Difficult talks about a pleasurable finance topic (Part 3)

November 21st, 2008 · No Comments

In a previous post, I mentioned how we had recently received a relatively large, lump sum, cash amount from a life insurance payout and how this caused “analysis paralysis” as we debated what to do with the money to maximize how it worked for us.  In the end, we realized there were two time periods we had to deal with.  In this post, I’ll talk more about the decisions we made for the second of those periods, the long term plan.

Bye-bye car loan

Bye-bye car loan

So now that we had completed our emergency fund check-up, my wife and I had a number of discussions to figure out the next best way to use this unexpected cash.   The floor was pretty much open to any idea at this point and we’d brainstormed alot of them — everything from bury it in a steel box in the backyard to buy or start a fast-food franchise (In’N’Out in Texas interest anyone else?)  However, all of our ideas tended to break down into two vary large categories which I’ll call the “Sure Thing” and the “Speculative”.

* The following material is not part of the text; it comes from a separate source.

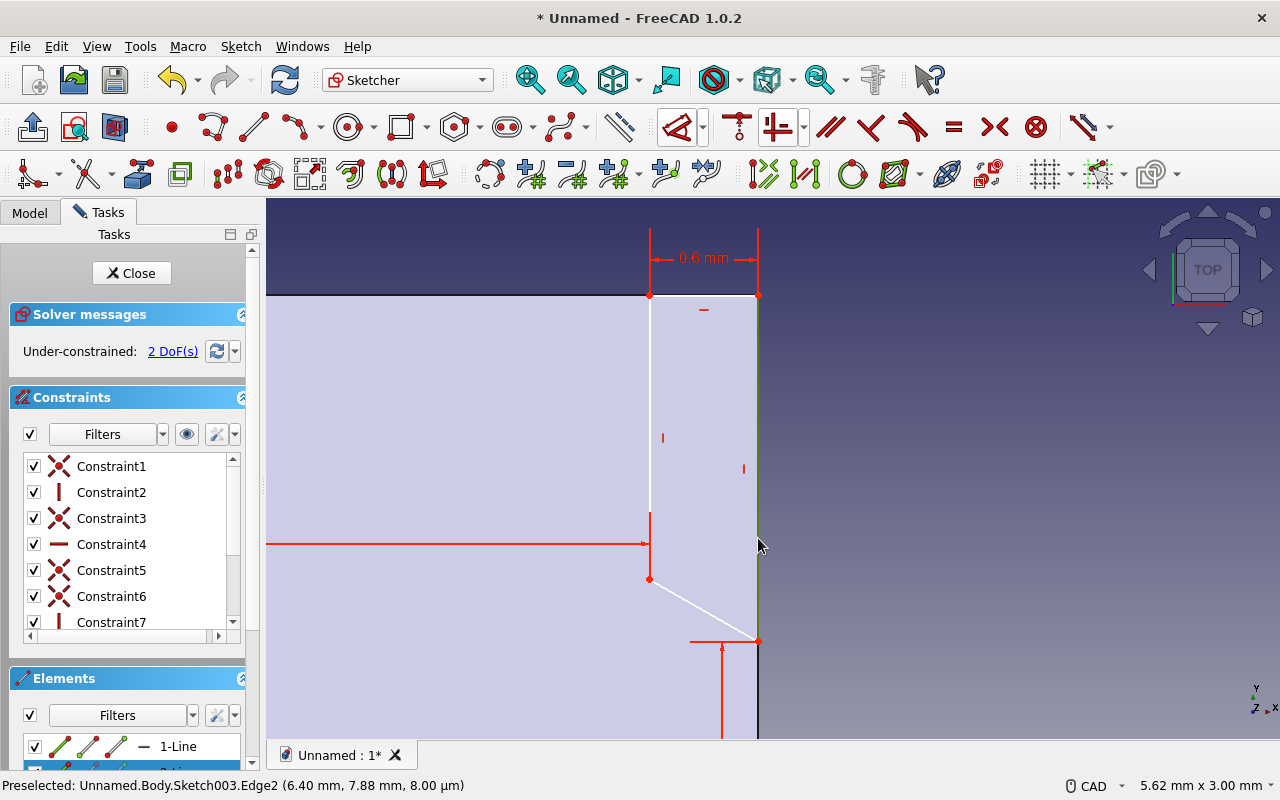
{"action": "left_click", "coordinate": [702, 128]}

A “Sure Thing” is a use of the money where the result is pretty close to guaranteed, say putting it in a CD where it will earn a fixed yield for a period of time, or paying down debt where you’re guaranteed to have saved yourself the cost of interest and/or increased your future free cash flow.  “Speculative” meant that there was some risk involved, such as the risk that a start-up business would fail, or an investment would sour, etc.  To be clear, we’re classifying here on the risks directly associated on the stated goal and not on the surrounding environment’s risk.  For example, there is always a risk that your CD yield won’t be larger than inflation and thus you will have effectively lost money by the time the CD matures.  That risk is not what we’re classifying by.

As we talked things over, and over, and over again, we eventually came to the conclusion that we had too much other financial risk in our lives (one of us works for a small tech company, the other does individual consulting projects, and given the current economic market most of our investments were shrinking in value) not to put a large percentage of the money toward a “Sure Thing” or two.  Our thoughts at that point were to put somewhere around 50% of the money toward the “Sure Thing” category.  The final amount would depend on what concrete actions we identified to take within that group of ideas.

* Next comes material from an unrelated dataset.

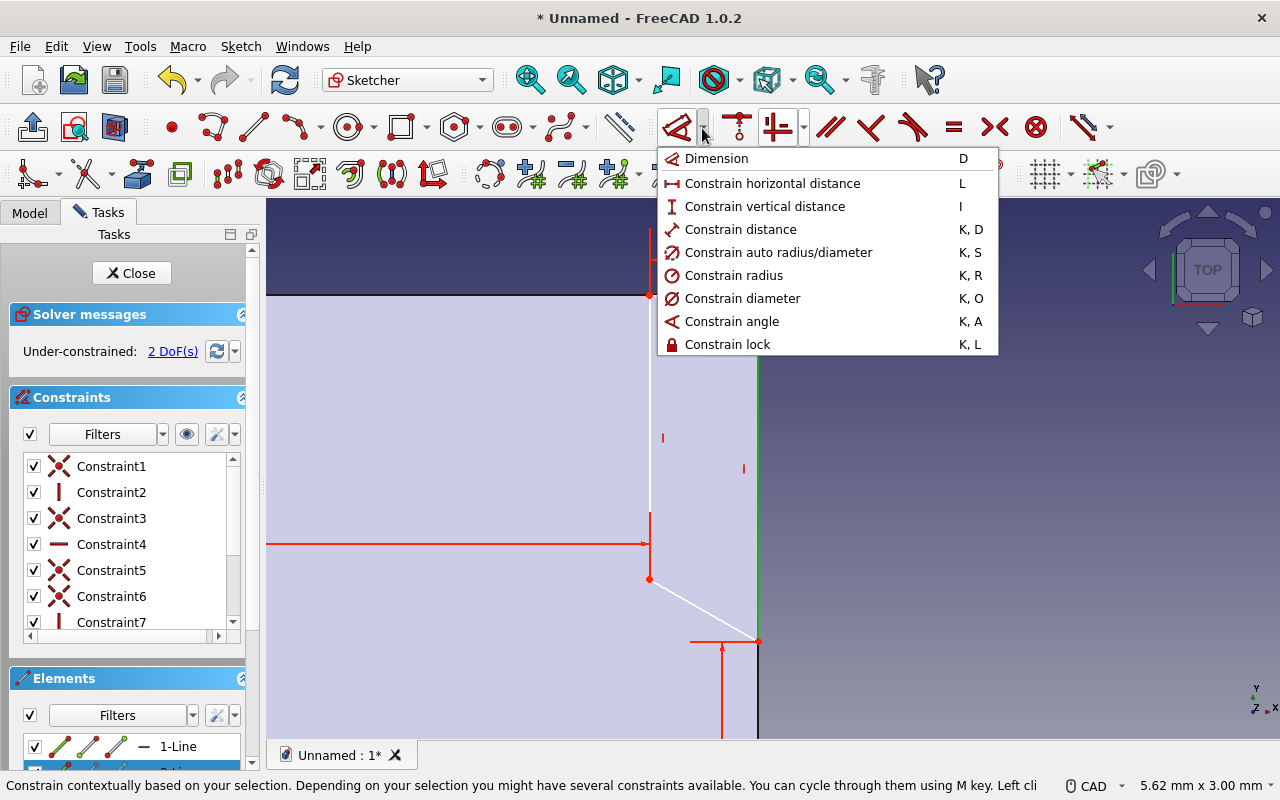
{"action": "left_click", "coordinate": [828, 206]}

You might think that the decision on what “Sure Thing” to act on came down solely to analyzing the rates of return (including tax consequences, of course!) of each idea, but you’d be wrong.   While that was indeed a significant factor, my wife was quick to point out that we should also be concerned with maximizing our free cash flow — this would allow us to do something like “snowball” debt payments or give us the flexibility to take advantage of future opportunities when they arise.  To help illustrate the cash flow point, consider the following hypothetical, non-revolving debts:

Name Balance Interest (APR) Payment
Home Loan $35,000 7.00% $250
Car Loan $25,000 4.50% $750

If you had $25,000 to use and were solely interested in maximizing cash flow, you’d choose to pay off the car loan as that would free up $750 for each of the following months. Whereas applying it to the home loan would save you more in interest paid, but you’d have no change in payments due for a great many months yet.   The difference in cash flow change is fairly obvious: $750 vs $0, so what’s the difference in interest paid?  When calculating this, it is important to realize that there are tax differences between these two loans.  The interest on the home loan is an income deduction (for those not hit with AMT) for tax purposes but the interest on the car is not.  This reduces the effective interest rate you’re paying on the home loan by a percentage equivalent to your tax rate.   For example, if you end up paying 25% of your income as tax at the end of the year, then the interest rate you’re paying on your home loan is really:

7.00% – (0.25 * 7.00%) = 7.00% – 1.75% = 5.25%

There isn’t quite as big of a spread between interest rates for these two loans as there had originally looked to be.  Only 75 basis points!  This amounts to a savings of only $187.50 for the first year on interest paid between your two choices of where to send your $25,000.  (Assuming your tax rate doesn’t change during that year.)

So let’s summarize and see which makes more sense.  If you make a $25,000 payment to the home loan, you’ve saved yourself roughly $190 (I rounded up) in interest during the next year when compared to paying the auto loan but you’ve had no change in cash flow needs for the following months.   If instead you paid the $25,000 to the auto loan, you’ve cost yourself $190 in extra interest you have to pay during the following year, but you now have $750 extra each month to do something with, and you could change that something every month if you wanted to.   By the way, if you invested that extra $750 each month in something with a 3% APY, you’d have earned $147.60 of that $190 back.

In the end, our next decision was to use some of our “Sure Thing” money to pay off our outstanding auto loan.   Given that we’ve already worked hard to be in a situation where we maintain no credit card debt, we now find ourselves without any debts beyond the house mortgage and student loans.   What a feeling of relief!